#### [Problem details]
Check every line in the records below for the word "with" and report how many have it, nothing more.

Data items:
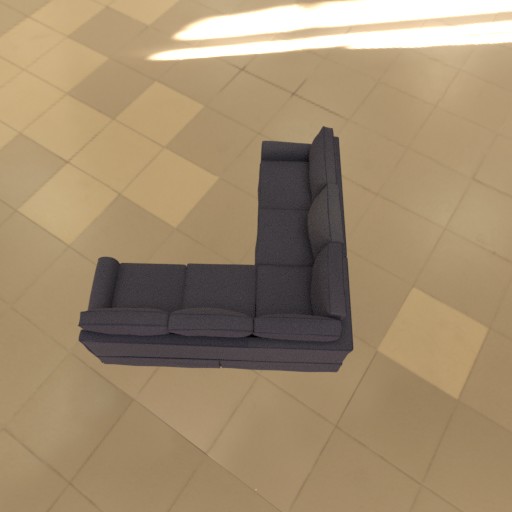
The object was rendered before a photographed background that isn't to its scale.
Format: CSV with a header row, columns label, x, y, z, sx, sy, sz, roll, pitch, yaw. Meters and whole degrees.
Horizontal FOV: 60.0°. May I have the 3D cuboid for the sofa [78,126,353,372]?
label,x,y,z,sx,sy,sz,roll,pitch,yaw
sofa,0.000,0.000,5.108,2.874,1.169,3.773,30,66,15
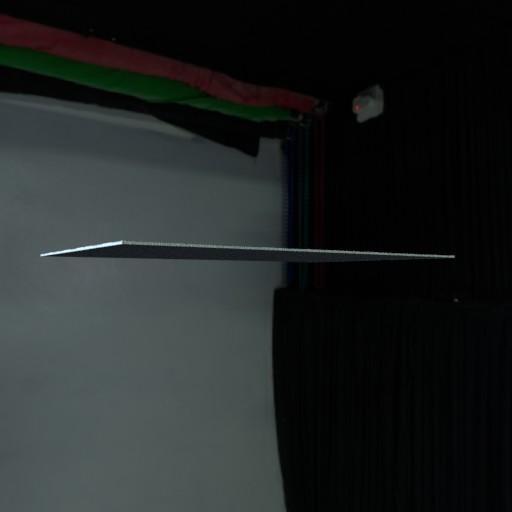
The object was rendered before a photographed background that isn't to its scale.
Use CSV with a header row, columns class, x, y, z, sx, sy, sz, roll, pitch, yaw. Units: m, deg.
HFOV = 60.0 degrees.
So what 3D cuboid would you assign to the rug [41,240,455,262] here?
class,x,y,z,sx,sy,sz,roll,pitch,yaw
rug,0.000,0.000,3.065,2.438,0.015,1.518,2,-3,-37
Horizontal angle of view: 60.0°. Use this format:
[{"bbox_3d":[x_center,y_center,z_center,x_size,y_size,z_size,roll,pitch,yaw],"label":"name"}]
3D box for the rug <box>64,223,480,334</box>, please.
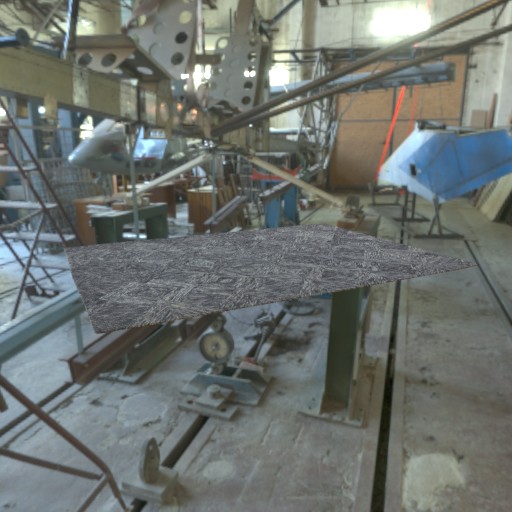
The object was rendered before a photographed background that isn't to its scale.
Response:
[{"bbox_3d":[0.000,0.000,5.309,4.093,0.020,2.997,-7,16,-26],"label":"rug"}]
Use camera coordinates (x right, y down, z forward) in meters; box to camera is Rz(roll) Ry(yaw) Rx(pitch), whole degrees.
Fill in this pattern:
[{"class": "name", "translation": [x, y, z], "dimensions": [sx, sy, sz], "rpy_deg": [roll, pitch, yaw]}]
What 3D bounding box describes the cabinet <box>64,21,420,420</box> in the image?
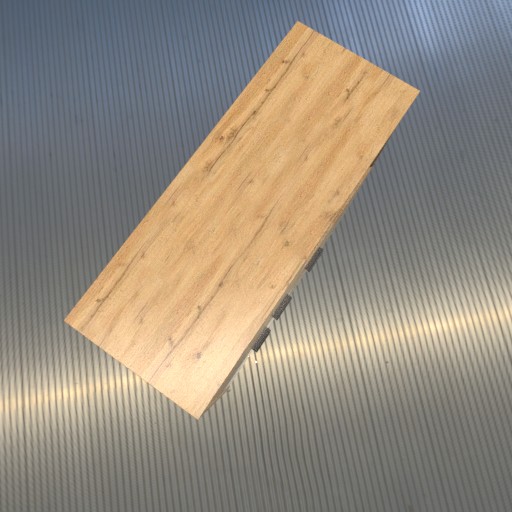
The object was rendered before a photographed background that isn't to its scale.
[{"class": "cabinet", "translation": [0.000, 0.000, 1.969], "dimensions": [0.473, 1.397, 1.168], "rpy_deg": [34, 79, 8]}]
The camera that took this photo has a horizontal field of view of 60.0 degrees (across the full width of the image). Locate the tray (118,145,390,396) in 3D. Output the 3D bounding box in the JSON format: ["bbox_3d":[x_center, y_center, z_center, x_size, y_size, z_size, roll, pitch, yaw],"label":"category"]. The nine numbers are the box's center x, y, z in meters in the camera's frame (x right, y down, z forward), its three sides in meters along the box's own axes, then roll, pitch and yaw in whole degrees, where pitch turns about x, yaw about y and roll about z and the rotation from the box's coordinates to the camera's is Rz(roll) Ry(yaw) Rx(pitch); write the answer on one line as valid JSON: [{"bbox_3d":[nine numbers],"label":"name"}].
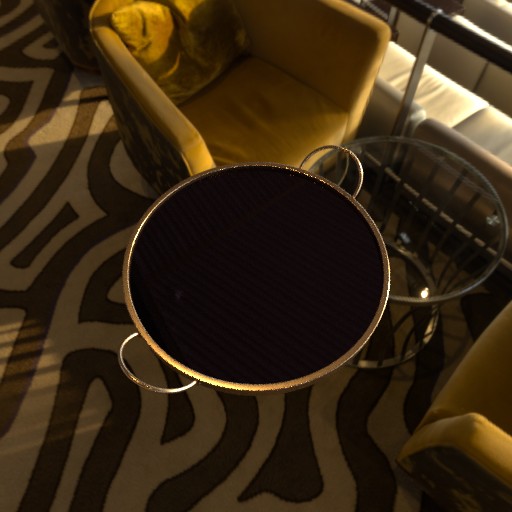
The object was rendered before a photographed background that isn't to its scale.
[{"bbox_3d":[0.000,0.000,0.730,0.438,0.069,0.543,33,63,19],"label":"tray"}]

#### [Solution to this exercise]
2